Roosevelt — le prêt-bail devant le Congrès
Après avoir préparé l'opinion avec l'« arsenal des démocraties » et les « Quatre Libertés », Roosevelt veut transformer l'aide à la Grande-Bretagne en un dispositif durable. Londres est à bout de devises et ne peut plus payer comptant ; sans nouveau mécanisme, le flux d'armes américaines se tarira. La solution conçue par le président est le prêt-bail (Lend-Lease) : autoriser à fournir, prêter ou louer du matériel de guerre à tout pays dont la défense est jugée vitale pour les États-Unis, sans paiement immédiat.
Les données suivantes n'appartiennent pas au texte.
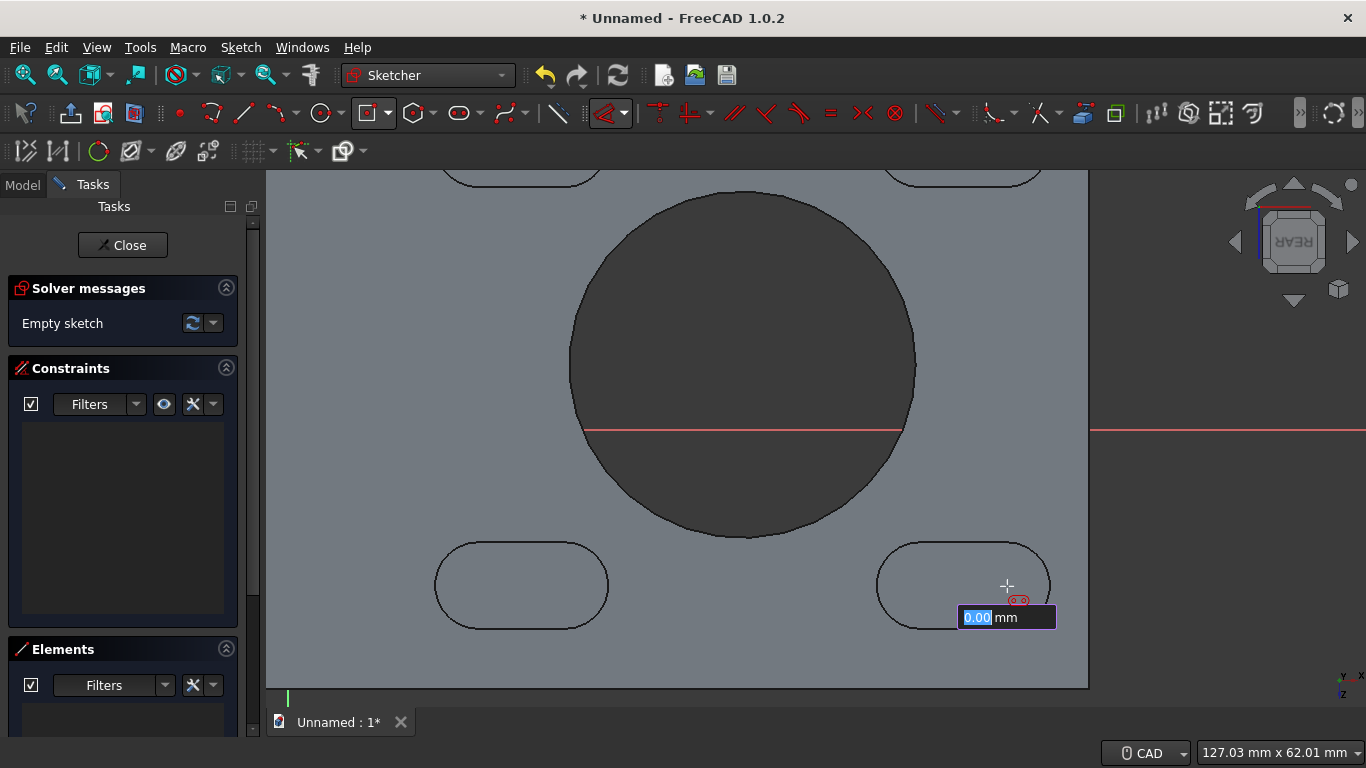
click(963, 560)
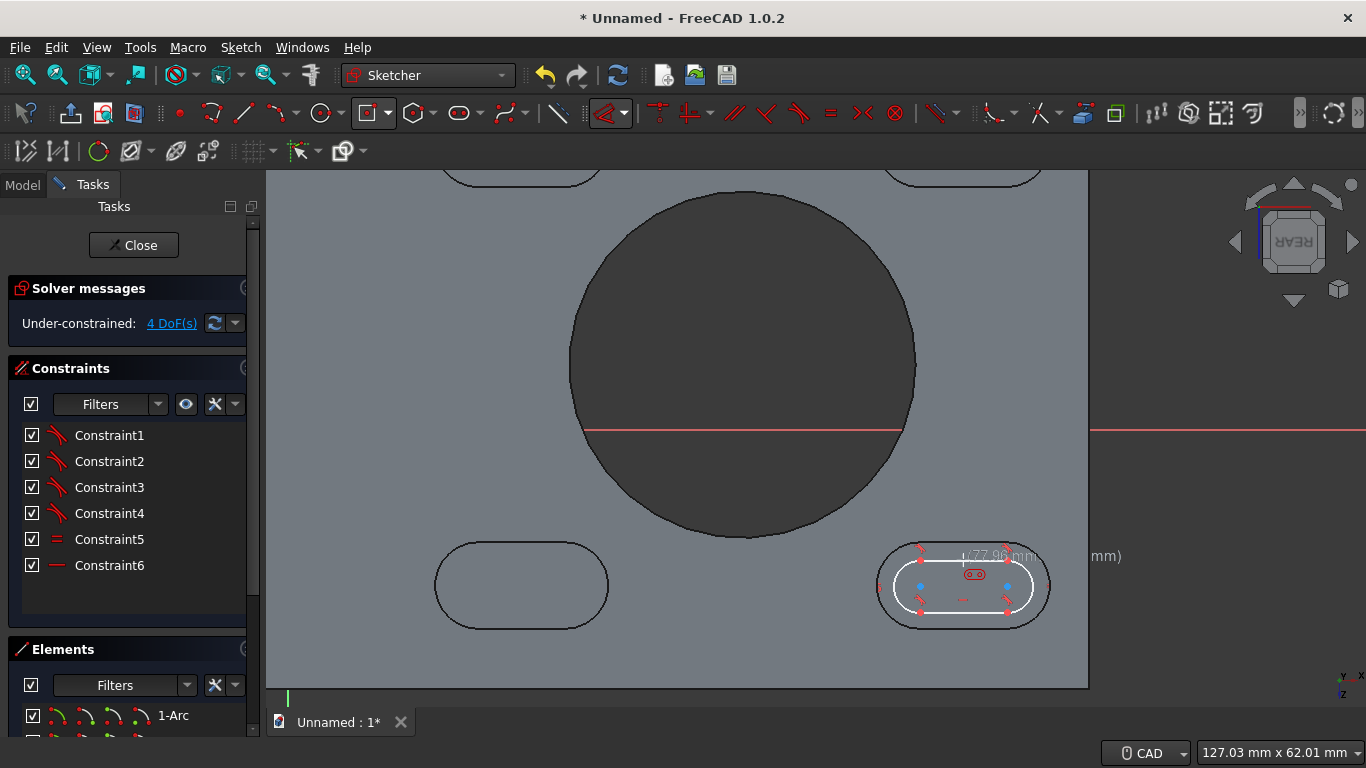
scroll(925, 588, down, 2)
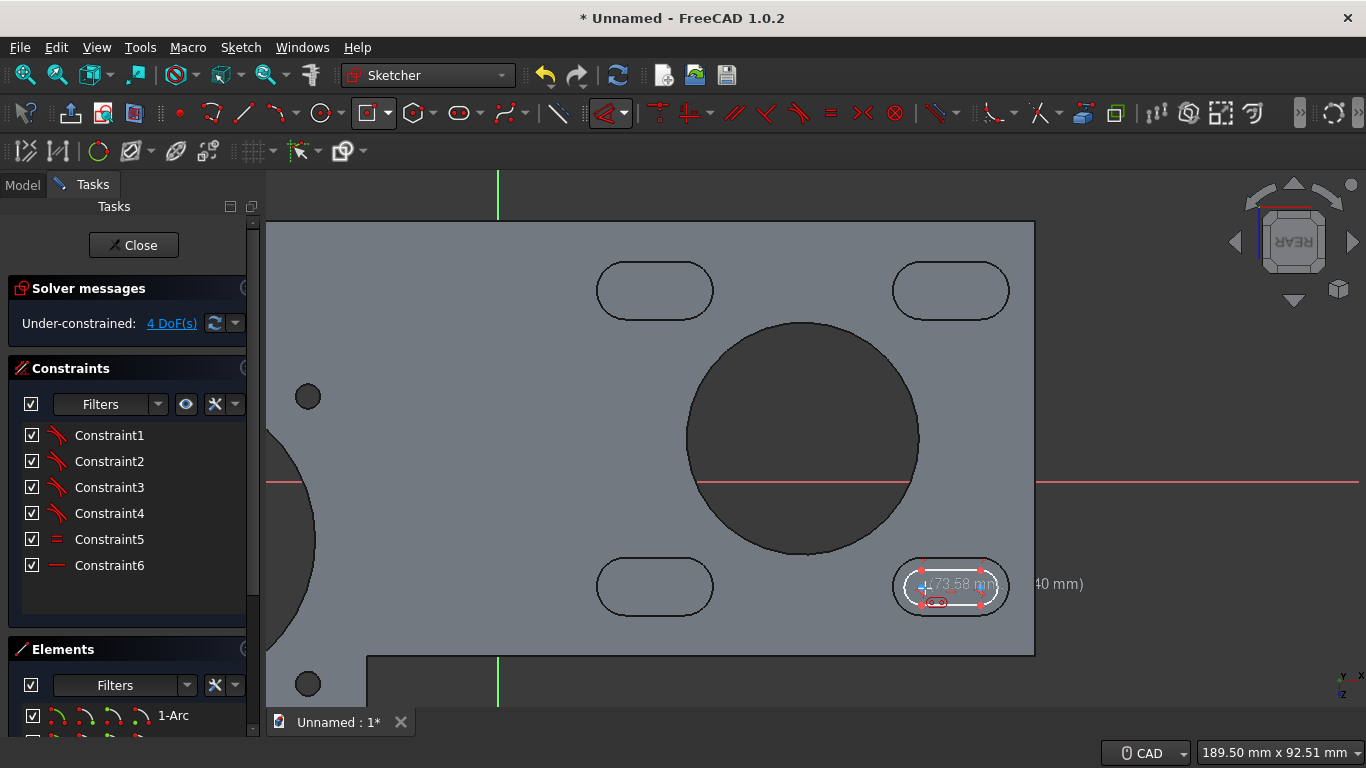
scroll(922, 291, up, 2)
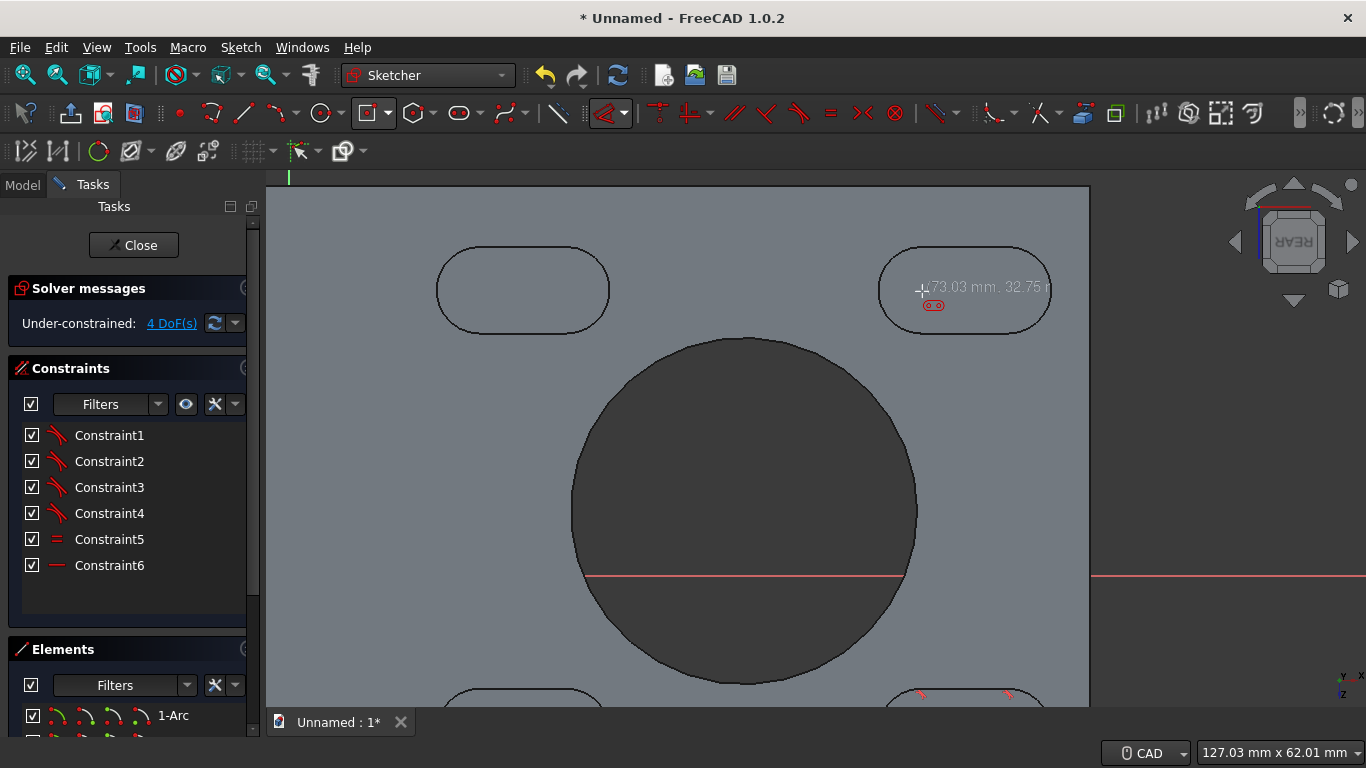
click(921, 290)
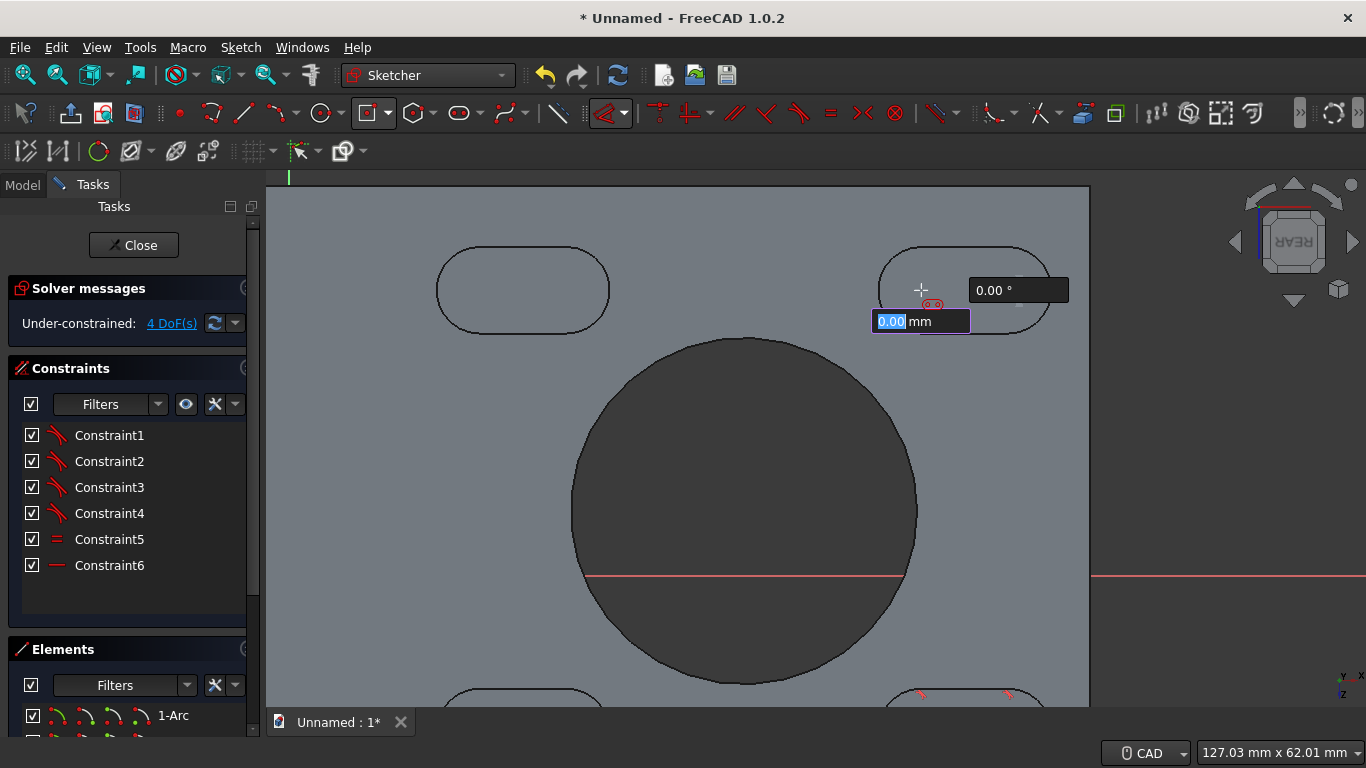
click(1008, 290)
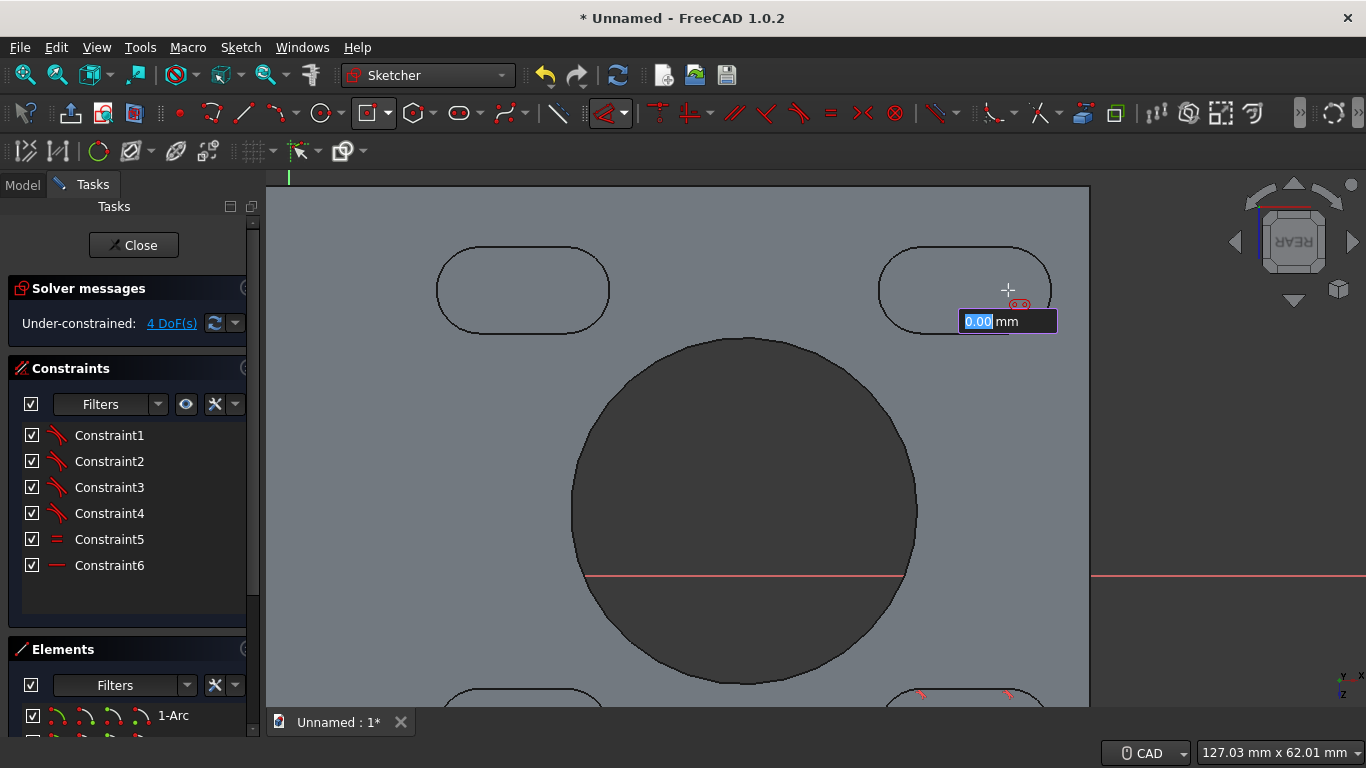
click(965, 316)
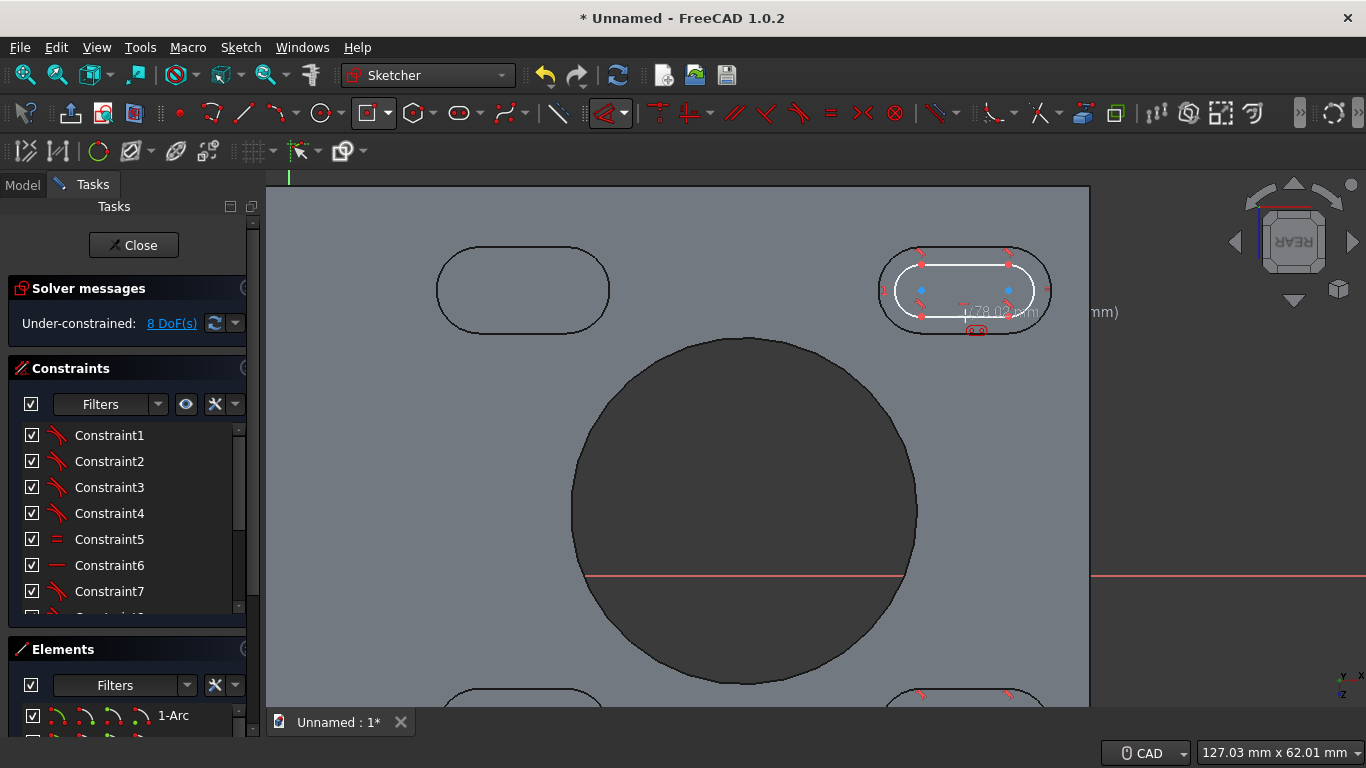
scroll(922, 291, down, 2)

Le projet, déposé au Congrès le 10 janvier 1941 sous le numéro symbolique HR 1776, déchaîne un débat national. Les isolationnistes — comité America First, sénateurs Wheeler et Nye, l'aviateur Lindbergh — y voient un pas décisif vers la guerre et une atteinte aux prérogatives du Congrès ; Wheeler le compare à « labourer un champ sur quatre » de la jeunesse américaine.
Roosevelt doit décider comment porter le combat : engager tout son poids politique pour faire adopter une loi ambitieuse, quitte à durcir l'affrontement avec les isolationnistes ; amender le texte pour le rendre plus acceptable au risque de l'affaiblir ; ou temporiser. L'issue déterminera la capacité de survie matérielle de la Grande-Bretagne.
Comment Roosevelt doit-il faire passer le prêt-bail ?
Roosevelt choisit A. Il défend le prêt-bail avec l'image restée fameuse du voisin qui prête son tuyau d'arrosage à celui dont la maison brûle, sans lui réclamer d'argent sur l'instant. Après des semaines de débats, la loi est votée en mars 1941. Le prêt-bail devient l'instrument financier décisif de la coalition alliée : il fournira pour des dizaines de milliards de dollars d'armes, de vivres et de matières premières à la Grande-Bretagne, puis à l'URSS et à la Chine, sans contrainte de paiement immédiat. C'est l'acte qui fait des États-Unis, encore neutres, l'« arsenal » effectif des démocraties, et qui scelle leur engagement matériel dans la guerre près d'un an avant Pearl Harbor.